Recorded data:
/---

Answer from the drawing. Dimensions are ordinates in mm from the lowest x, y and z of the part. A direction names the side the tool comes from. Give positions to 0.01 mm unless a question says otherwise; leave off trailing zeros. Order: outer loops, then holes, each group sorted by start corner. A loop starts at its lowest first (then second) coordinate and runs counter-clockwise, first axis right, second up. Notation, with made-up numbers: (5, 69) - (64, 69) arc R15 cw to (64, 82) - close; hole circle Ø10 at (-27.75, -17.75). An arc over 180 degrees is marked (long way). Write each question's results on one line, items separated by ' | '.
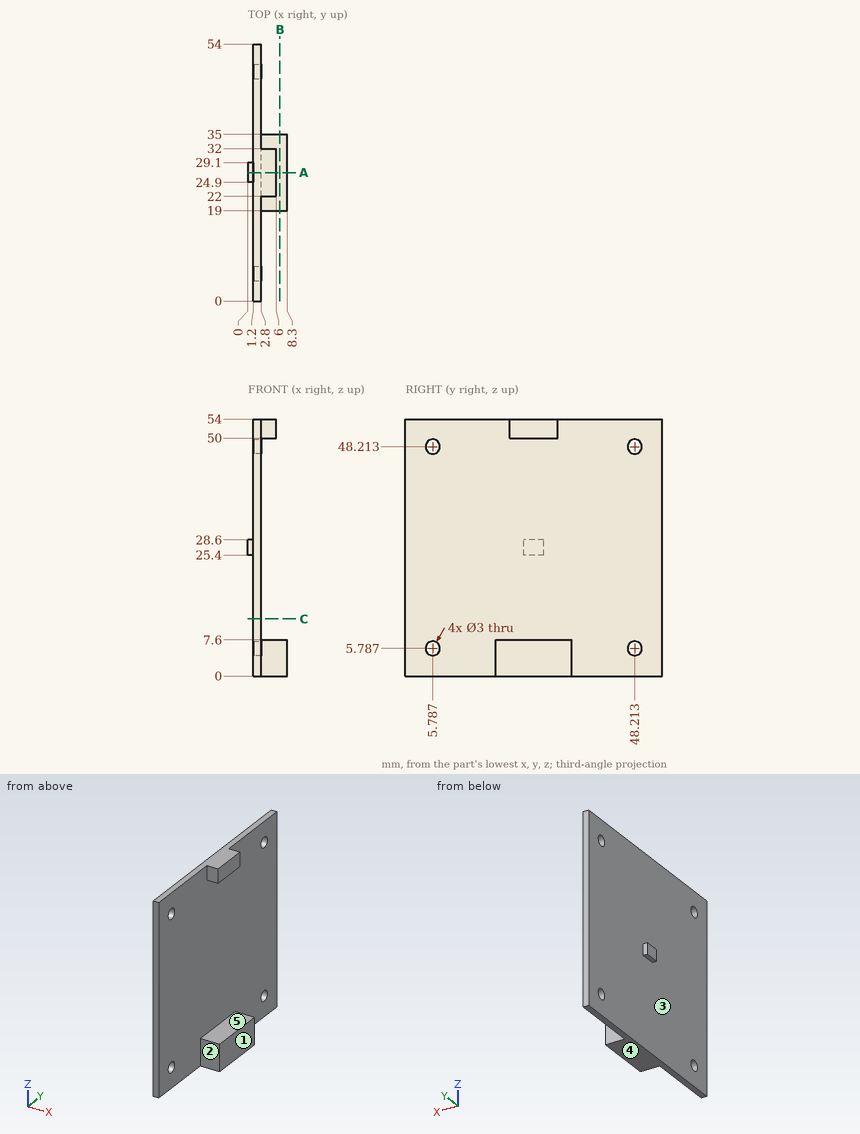
1. A cutting plane is placed at B-B, the plane x = 6.75. Write down the section's boundary in (y, z).
Answer list:
outline: (19, 0) - (35, 0) - (35, 7.6) - (19, 7.6) - close
2. Given P1, Ø10, axis at y = 13.5, z = 44.5, coming from the -X side; P2, Ø3, axis at x = 6, z = 4, coming from the +Y side; P3, Ø4, axis at y = 5.79, z = 48.21, coming from the +X side, each flat-ended and moving along its own axis, determine where each tip first touches the part or whether it passes through.
Answer list:
P1: x = 1.2 | P2: y = 35 | P3: x = 2.8
3. A cutting plane is placed at C-C, the plane z = 12. Write down the section's boundary in (x, y), then the cut area to 3 significant figures.
Answer list:
outline: (1.2, 0) - (2.8, 0) - (2.8, 54) - (1.2, 54) - close | area: 86.4 mm^2
4. Determine the mould class of the marked faces 3, 4 and 5 for opening direction Z: +Z half, -Z half, draft (parallel to the pull), parting line (faces both ways), or undercut.
Answer list:
face 3: draft | face 4: -Z half | face 5: undercut
5. Straight lines are drawn through the part: line 1 (Z direction, x = 5.75, y = 30.5); line 2 (Y direction, x = 2.5, z = 7) (1 decimal); line 3 (X direction, y = 14, z = 6). For each, find the intervals that lie inside material, in ascending order. Write a range as [from, to].
Answer list:
line 1: [0, 7.6], [50, 54] | line 2: [0, 4.9], [6.7, 47.3], [49.1, 54] | line 3: [1.2, 2.8]
6. A cutting plane is placed at A-A, the plane y = 27. Write down the section's boundary in (x, z), then the cut area to 3 significant figures.
Answer list:
outline: (0, 25.4) - (1.2, 25.4) - (1.2, 0) - (8.3, 0) - (8.3, 7.6) - (2.8, 7.6) - (2.8, 50) - (6, 50) - (6, 54) - (1.2, 54) - (1.2, 28.6) - (0, 28.6) - close | area: 145 mm^2
7. A tool of negligible diameter and unlimited length cuts with its end or side. For the marked faces 1 and 2, from which of +Z, -Z, +X, -X, +Y, -Y can it reach the whole face along a straight path? Write none if from no direction.
Answer list:
face 1: +Z, -Z, +X, +Y, -Y | face 2: +Z, -Z, +X, -Y

\---

TRY IT: Set down, unchanged, the line that contains "5. Straight lines" together with every later line in the records, through the last one.

ANSWER:
5. Straight lines are drawn through the part: line 1 (Z direction, x = 5.75, y = 30.5); line 2 (Y direction, x = 2.5, z = 7) (1 decimal); line 3 (X direction, y = 14, z = 6). For each, find the intervals that lie inside material, in ascending order. Write a range as [from, to].
Answer list:
line 1: [0, 7.6], [50, 54] | line 2: [0, 4.9], [6.7, 47.3], [49.1, 54] | line 3: [1.2, 2.8]
6. A cutting plane is placed at A-A, the plane y = 27. Write down the section's boundary in (x, z), then the cut area to 3 significant figures.
Answer list:
outline: (0, 25.4) - (1.2, 25.4) - (1.2, 0) - (8.3, 0) - (8.3, 7.6) - (2.8, 7.6) - (2.8, 50) - (6, 50) - (6, 54) - (1.2, 54) - (1.2, 28.6) - (0, 28.6) - close | area: 145 mm^2
7. A tool of negligible diameter and unlimited length cuts with its end or side. For the marked faces 1 and 2, from which of +Z, -Z, +X, -X, +Y, -Y can it reach the whole face along a straight path? Write none if from no direction.
Answer list:
face 1: +Z, -Z, +X, +Y, -Y | face 2: +Z, -Z, +X, -Y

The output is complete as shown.